Catherine had been, and was still very attached to Orlov. He, on the contrary, had never felt any natural affection for Catherine, but only that which arose from gratitude and ambition. Proud of the favor of his sovereign, he cultivated his success, and as soon as he found he had gained sufficient reputation and authority, his passion began to cool; he assumed a distant air and even started an intrigue with his niece who was also the Empress’s lady-in-waiting.
The more Catherine wished to renew his affections, the more he seemed inclined to retreat and seek his amusement in the company of other ladies. The Empress could not but resent this ungrateful conduct. However, on account of her fondness for Bobrinsky (Orlov’s child), she did not discard him at once. She privately raised the boy in the suburbs of Saint Petersburg, and often disguised herself when visiting him.

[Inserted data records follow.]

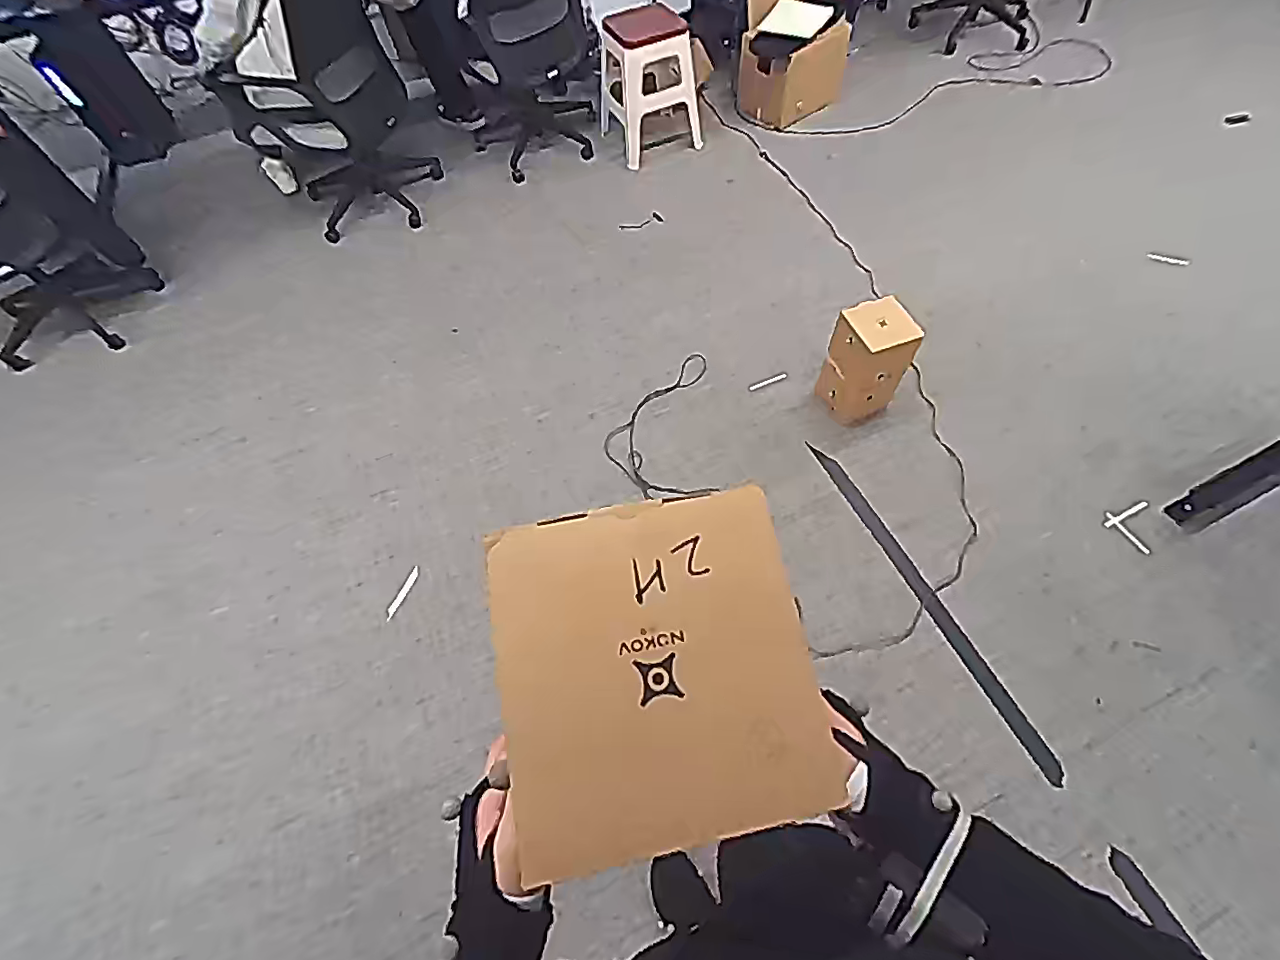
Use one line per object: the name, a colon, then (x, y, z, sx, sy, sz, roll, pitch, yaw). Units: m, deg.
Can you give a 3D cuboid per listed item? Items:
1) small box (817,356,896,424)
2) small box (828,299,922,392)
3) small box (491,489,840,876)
small box: (0.684, -0.305, 1.721, 0.179, 0.176, 0.168, -23, 61, -8)
small box: (0.676, -0.391, 1.582, 0.168, 0.176, 0.179, -19, 61, -6)
small box: (0.005, 0.123, 0.368, 0.168, 0.176, 0.179, -9, 71, -7)

In the meantime, Orlov was informed that the Empress had finally decided to get rid of him. In order to rekindle Catherine's affection, Grigory presented to her one of the greatest diamonds in the world, known ever since as the Orlov Diamond.
He was one of the earliest proponents of the Slavophile idea to emancipate the Christians from the Ottoman yoke. In 1771 he was sent as first Russian plenipotentiary to the peace congress, but he failed in his mission, due to the obstinacy of the Ottomans, and partly - according to Nikita Panin - to his own outrageous insolence.
Latter years and death
On returning without permission to his Marble Palace at St Petersburg, he found himself superseded in the Empress's favor by the younger Potemkin. Orlov became a person of no account at court, and went abroad for a few years.
He returned to Russia a few months prior to his death in Moscow on April, 13 1783. For some time before his death, he suffered from delusions. Later in life he married his niece, Ekaterina Zinovyeva, but their marriage was childless. He was buried in the village of Otradnoye in the Serpukhov district near Moscow.